You might want to check your 'ors' and 'ands'. If you have the union of (1,2,3) U (4,5,6), then given any x, that would mean that x is in (1,2,3) or (4,5,6), right? What about for intersections? Your proof is almost right..

 

[kathrynag]

Homework Statement

I need to prove or disprove:
(AintersectB)'=A'intersectB'

Homework Equations

The Attempt at a Solution

Let x$$\in$$(A$$\cap$$B)'
Then x$$\notin$$A$$\cap$$B
x$$\notin$$A or x$$\notin$$B
Then x$$\in$$A' or x$$\in$$B'
x$$\in$$A'$$\cup$$B'

Let A={1,2,3}
B={3,4} universe={1,2,3,4,5,6}
(A intersect B)={3}
(A intersect B)'={1,2,4,5,6}

A'={4,5,6}
B'={1,2,5,6}
A'intersectB'={5,6}

So, x$$\notin$$A$$\cap$$B.
This implies x$$\notin$${3}
So,x$$\in$${1,2,4,5,6}
Would this mean x$$\in$$A' or x$$\in$$B'?

 

[kathrynag]

Homework Statement

I need to prove or disprove:
(AintersectB)'=A'intersectB'

Homework Equations

The Attempt at a Solution

Let x$$\in$$(A$$\cap$$B)'
Then x$$\notin$$A$$\cap$$B
x$$\notin$$A or x$$\notin$$B
Then x$$\in$$A' or x$$\in$$B'
x$$\in$$A'$$\cup$$B'

Ok so x$$\notin$$A and x$$\notin$$B.
Then x$$\in$$A' and x$$\in$$B'.
x$$\in$$A'$$\cup$$B'

 

[kittybobo1]

well, no, you had it right using the 'or's. I just wasn't sure if moving from line 2 to line 3 you understood what you were doing or if you were formulating it to make your answer right.

 

[kathrynag]

Ok, then did I go wrong somewhere in my proof?
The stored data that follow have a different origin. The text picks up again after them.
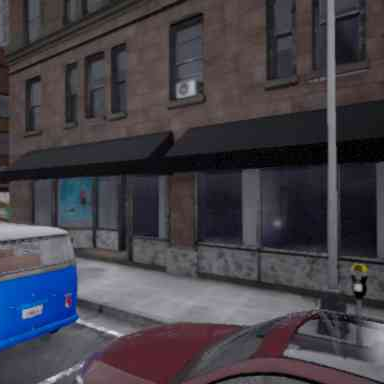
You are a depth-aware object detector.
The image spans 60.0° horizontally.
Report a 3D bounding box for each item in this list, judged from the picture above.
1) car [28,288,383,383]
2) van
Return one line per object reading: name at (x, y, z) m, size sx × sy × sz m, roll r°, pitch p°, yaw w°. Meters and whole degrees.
car at (0.865, 1.587, 2.345) m, size 4.206 × 1.307 × 1.802 m, roll -1°, pitch 0°, yaw 35°
van at (-3.658, 1.398, 5.569) m, size 3.998 × 1.788 × 1.690 m, roll -1°, pitch 0°, yaw 35°

Should I have said x$$\notin$$A and x$$\notin$$B. Then if I went on from there, I could get a right conclusion?

 

[natives]

If you don't care what method..You can use VENN DIAGRAMS!

 

[pizzasky]

Let A = {1,2,3} , B = {3,4} , universe = {1,2,3,4,5,6}

$$A \cap B$$ = {3}
$$(A \cap B)'$$ = {1,2,4,5,6}

A' = {4,5,6}
B' = {1,2,5,6}
$$A' \cap B'$$ = {5,6}

This counterexample should tell you that the statement $$(A \cap B)' = A' \cap B'$$ is not true!

 

[cristo]

If you don't care what method..You can use VENN DIAGRAMS!

A Venn diagram is not a rigorous mathematical proof.